Even 6.14 recognizes OWORD and knows that it has a size of 16 bytes, but cannot handle an initializer larger than 64 bits.

that sounds a bit brain damaged. Is it another MS mess?

Gunther
Get your facts first, and then you can distort them.

jj2007

  • Member
  • *****
  • Posts: 8619
  • Assembler is fun ;-)
    • MasmBasic
Re: Packed integer multiplication
« Reply #23 on: January 29, 2016, 06:41:58 AM »
Warming up an old thread :badgrin:

Code: [Select]
Intel(R) Core(TM) i5-2450M CPU @ 2.50GHz (SSE4)
480     cycles for 100 * cvtdq2ps & mulps
14975   cycles for 100 * mulps
1482    cycles for 100 * pmuludq to dwords
99      cycles for 100 * pmuludq to qwords
592     cycles for 100 * pshufd & pmuludq (hool)
541     cycles for 100 * pshufd & pmuludq (qWord)

479     cycles for 100 * cvtdq2ps & mulps
14966   cycles for 100 * mulps
908     cycles for 100 * pmuludq to dwords
617     cycles for 100 * pmuludq to qwords
1244    cycles for 100 * pshufd & pmuludq (hool)
544     cycles for 100 * pshufd & pmuludq (qWord)

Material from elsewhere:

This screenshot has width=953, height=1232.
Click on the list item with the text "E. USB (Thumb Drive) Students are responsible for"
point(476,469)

478     cycles for 100 * cvtdq2ps & mulps
14956   cycles for 100 * mulps
910     cycles for 100 * pmuludq to dwords
72      cycles for 100 * pmuludq to qwords
593     cycles for 100 * pshufd & pmuludq (hool)
540     cycles for 100 * pshufd & pmuludq (qWord)

36      bytes for cvtdq2ps & mulps
26      bytes for mulps
67      bytes for pmuludq to dwords
51      bytes for pmuludq to qwords
62      bytes for pshufd & pmuludq (hool)
57      bytes for pshufd & pmuludq (qWord)

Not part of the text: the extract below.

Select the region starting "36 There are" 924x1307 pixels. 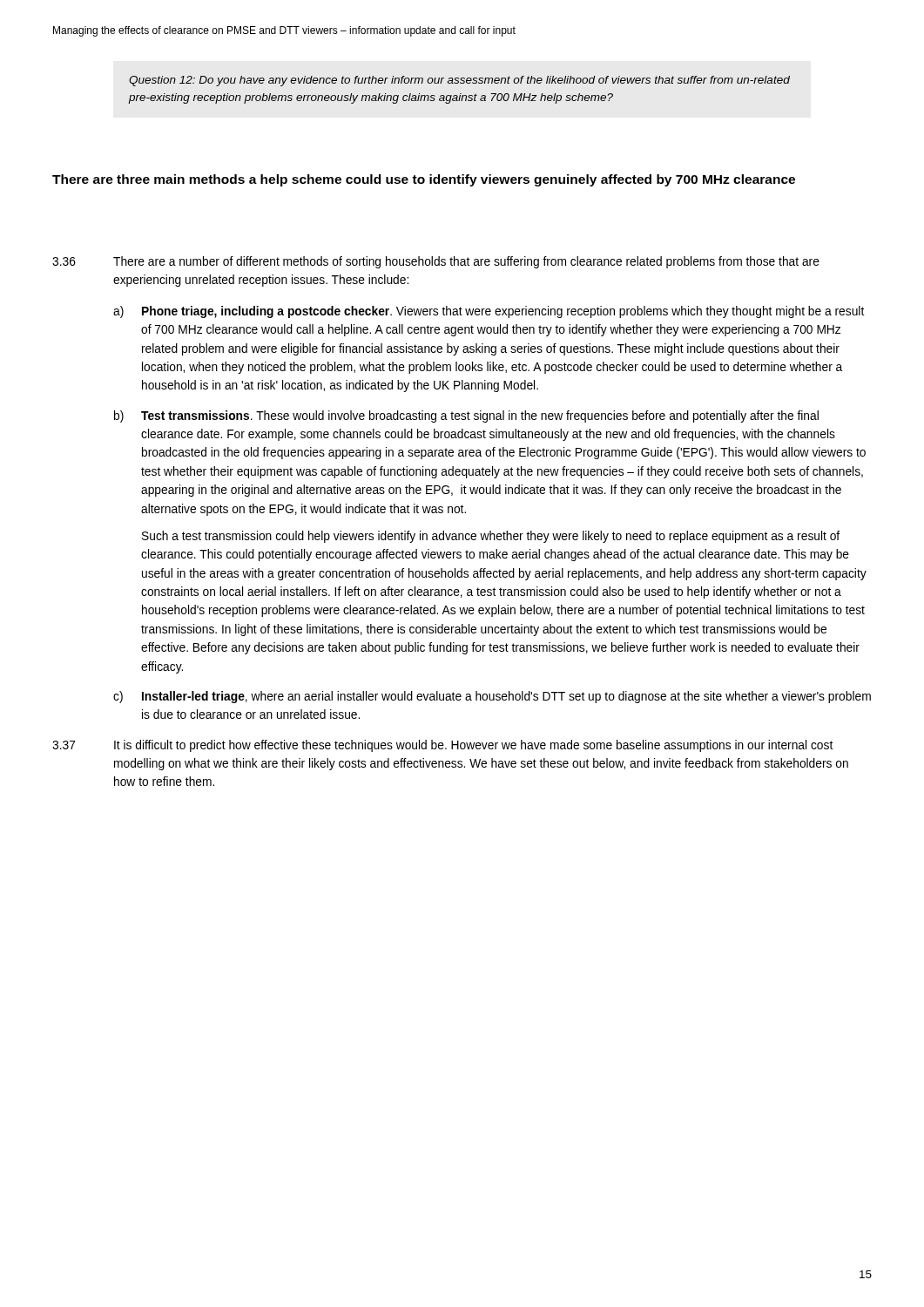(x=462, y=271)

4001600 = eax cvtdq2ps & mulps
4001600 = eax mulps
4001600 = eax pmuludq to dwords
4001600 = eax pmuludq to qwords
4001600 = eax pshufd & pmuludq (hool)
4001600 = eax pshufd & pmuludq (qWord)

The reason is that I discovered you can use mulps for packed integer multiplication - with certain limitations, such as: SLOOOOOOOOOW, at least on my i5. Could be a stall or whatever. Second restriction is that the result should be below 16Mio. So it is not really a good choice, unless you want to scale rectangles and you are sure that none of the four dwords is negative 8)

qWord

  • Member
  • *****
  • Posts: 1473
  • The base type of a type is the type itself
    • SmplMath macros
Re: Packed integer multiplication
« Reply #24 on: January 29, 2016, 06:56:10 AM »
you can use mulps for packed integer multiplication - with certain limitations, such as: SLOOOOOOOOOW
not surprisingly  when working with denormalized  (positive) numbers as operand - even thought there is an (commonly masked) exception for such operands.
MREAL macros - when you need floating point arithmetic while assembling!